Help with AutoDiff in Metal.jl

I am trying to use Metal.jl for a scientific computation and having difficulty with AutoDiff (ForwardDiff). I am using julia 1.9.

This is the code

dF = x->ForwardDiff.gradient(x->dot(x,x),x)
N = 7;
x = rand(Float32,N); 
dF(MtlArray(x))

The code work for N=7, but not for N=8 and higher.

I get the following warning/error

Warning: Compilation of MetalLib to native code failed.
│ If you think this is a bug, please file an issue and attach /var/folders/l_/mmy119_j47b_k4mtcn0ngfj00000gn/T/jl_43KX6d0bSl.metallib.
└ @ Metal ~/.julia/packages/Metal/TtPHW/src/compiler/compilation.jl:77
ERROR: NSError: Threadgroup memory size (36864) exceeds the maximum threadgroup memory allowed (32768) (AGXMetal13_3, code 3)

What am I doing wrong here?
Any help in this regard is much appreciated.
Thanks!

That’s strange; your code works here.

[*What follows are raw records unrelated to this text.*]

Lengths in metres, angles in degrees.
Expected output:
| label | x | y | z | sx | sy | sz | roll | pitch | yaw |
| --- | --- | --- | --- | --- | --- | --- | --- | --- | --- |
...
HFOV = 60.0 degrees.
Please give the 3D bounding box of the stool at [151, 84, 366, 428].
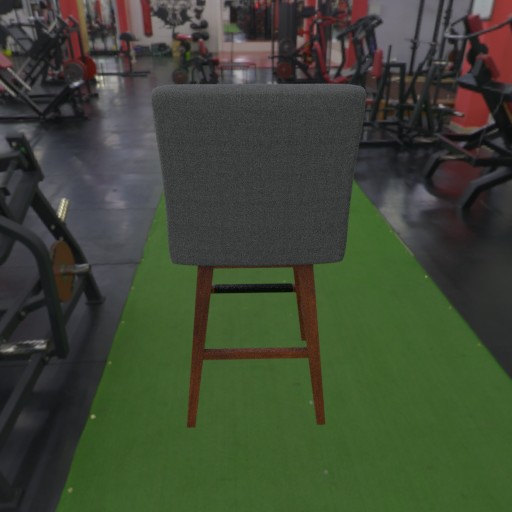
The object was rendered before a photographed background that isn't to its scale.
| label | x | y | z | sx | sy | sz | roll | pitch | yaw |
| --- | --- | --- | --- | --- | --- | --- | --- | --- | --- |
| stool | 0.000 | 0.000 | 1.255 | 0.447 | 0.977 | 0.524 | -1 | 29 | -1 |
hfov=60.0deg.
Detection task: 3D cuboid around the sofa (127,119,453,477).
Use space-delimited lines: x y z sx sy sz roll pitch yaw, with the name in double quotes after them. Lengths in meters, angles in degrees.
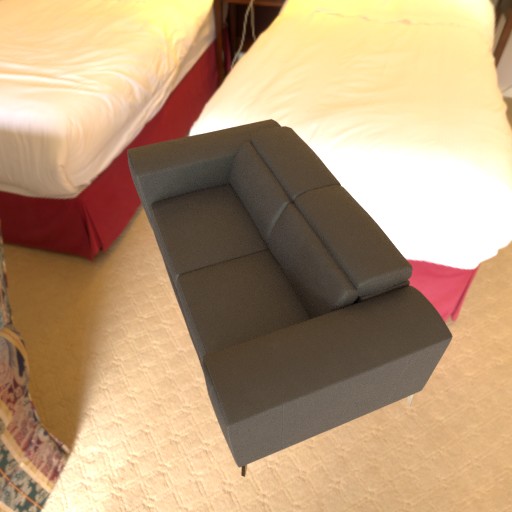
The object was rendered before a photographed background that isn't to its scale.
0.000 0.000 2.435 1.003 0.779 1.895 -16 49 -15 "sofa"
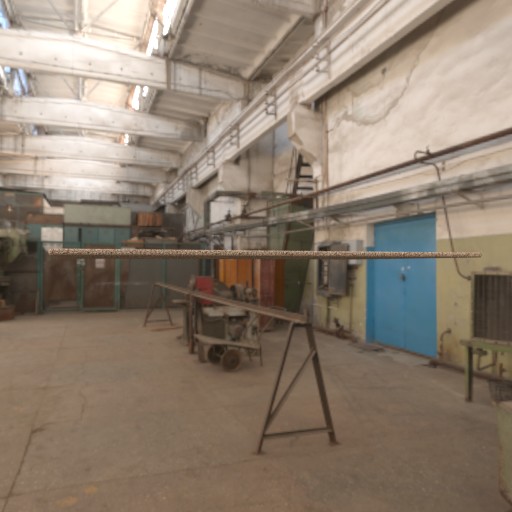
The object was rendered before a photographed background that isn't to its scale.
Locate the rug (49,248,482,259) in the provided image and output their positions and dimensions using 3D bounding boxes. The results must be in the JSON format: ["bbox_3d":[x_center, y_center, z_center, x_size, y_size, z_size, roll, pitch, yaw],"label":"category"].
[{"bbox_3d":[0.000,0.000,3.066,2.438,0.030,1.524,0,-1,-18],"label":"rug"}]
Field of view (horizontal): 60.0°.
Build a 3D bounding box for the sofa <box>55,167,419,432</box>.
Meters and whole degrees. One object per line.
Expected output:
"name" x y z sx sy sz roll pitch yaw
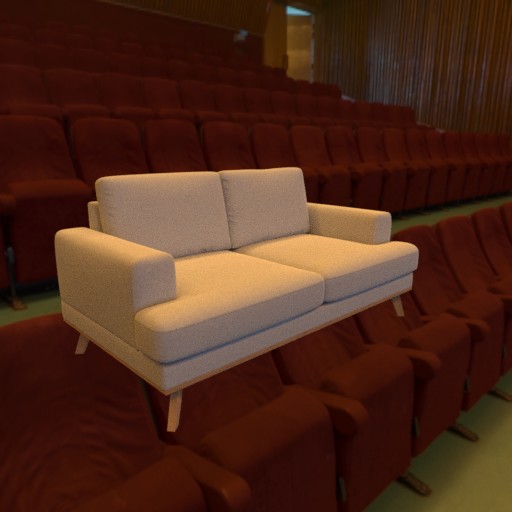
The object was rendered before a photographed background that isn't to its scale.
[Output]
"sofa" 0.000 0.000 2.200 1.651 0.810 0.915 -13 19 -42
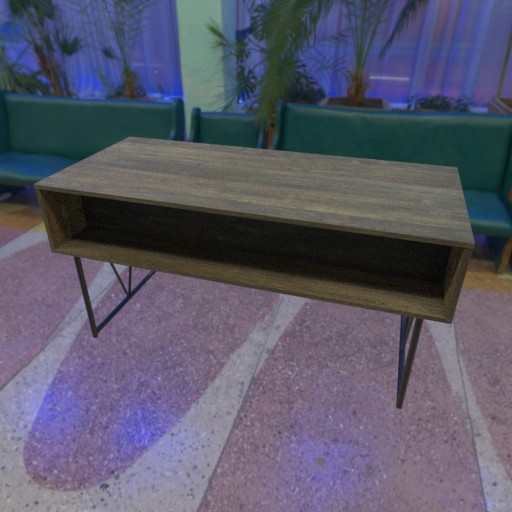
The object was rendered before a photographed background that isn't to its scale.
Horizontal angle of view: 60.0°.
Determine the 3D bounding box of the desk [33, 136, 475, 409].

Feel free to open an issue on Metal.jl, with more details (Manifest, including the metallib file, full backtrace, etc).

Does it work when you set N = 8?

Oh hah, I blindly copied your code. No, it doesn’t, let me have a quick look.

Detect mapreduce threadgroup limits instead of guessing. by maleadt · Pull Request #176 · JuliaGPU/Metal.jl · GitHub should fix this

I should just upgrade Metal.jl at my end?
Thanks

@maleadt @raktim
In the similar spirit, with

mpu(arr)= MtlArray(Float32.(arr));
N = 7;
x = rand(Float32,N) |>xpu; 

this works fine:

dF = x->gradient(()->sum(broadcast(exp,x)), Flux.params(x))
dF(x)

returns Grads(...), but using a cos instead of exp, not so:

dF = x->gradient(()->sum(broadcast(cos,x)), Flux.params(x))
dF(x)

returns

InvalidIRError: compiling kernel #broadcast_kernel#28(Metal.mtlKernelContext, MtlDeviceVector{ForwardDiff.Dual{Nothing, Float32, 1}, 1}, Base.Broadcast.Broadcasted{Metal.MtlArrayStyle{1}, Tuple{Base.OneTo{Int64}}, Zygote.var"#1392#1393"{typeof(cos)}, Tuple{Base.Broadcast.Extruded{MtlDeviceVector{Float32, 1}, Tuple{Bool}, Tuple{Int64}}}}, Int64) resulted in invalid LLVM IR
Reason: unsupported call to an unknown function (call to gpu_malloc)

That’s Support for exceptions · Issue #69 · JuliaGPU/Metal.jl · GitHub. You need to avoid exceptions in kernel code, for now.

1 Like